An ancient thoroughfare sleeps below the soil
A once-famous road lies buried under grasslands, forgotten by the people of the areas it used to serve
When Xing Shangzhi, a farmer in his late 40s, herds his sheep and tends his potato plots along a hillside in Dazhaizi village, Fuxian, Shaanxi province, he often comes across rubble consisting of bricks and tiles that date back centuries. That fact is obvious from their shape and pattern, both of which are unusual today.
Like many local people, Xing and his wife live in a dwelling dug out of the hillside below the Ziwu Range. The ridge of the range, which runs from south to north in the western part of Shaanxi over a distance of about 413 kilometers, is unusually solid, making it ideal for the excavation of cave dwellings.
Other farmers and herdsmen living along the range in several counties often find similar treasures, including earthen pipes and ancient coins of various shapes.

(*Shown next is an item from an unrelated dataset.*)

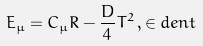<formula> <loc_0><loc_0><loc_500><loc_500>E _ { \mu } = C _ { \mu } R - \frac { D } { 4 } T ^ { 2 } \, , \in d e n t</formula>

If that was not enough, unlike other local mountain ranges, whose ridges are often shaded by thick woodland, the ridge of the Ziwu Range is either covered by short grasses or is bare, making it look like a 10-to-60-meter-wide belt meandering along the length of the range.
For generations, the ridge has not only served as an ideal roof for cave dwellings, but also as a natural dirt road; sturdy and reliable.
Although the Ziwu Range is in the center of the Loess Plateau - an area the size of France, covered with layers of fertile soil dozens of meters deep blown from deserts in the north and west over millions of years - the soil of the ridge seems light and flimsy, meaning large plants are unable to lay deep roots.
That flimsiness is the result of an intermediate layer of extremely compact earth, about 1 or 2 meters thick, which is a lighter color than the yellow earth in which it is sandwiched.
It is in this soil layer that farmers unearth the rubble that can only have belonged to urban dwellers, and the strong layer below it, usually mixed with gravel, serves as a roadbed for the dirt path that follows the ridge of the Ziwu Range.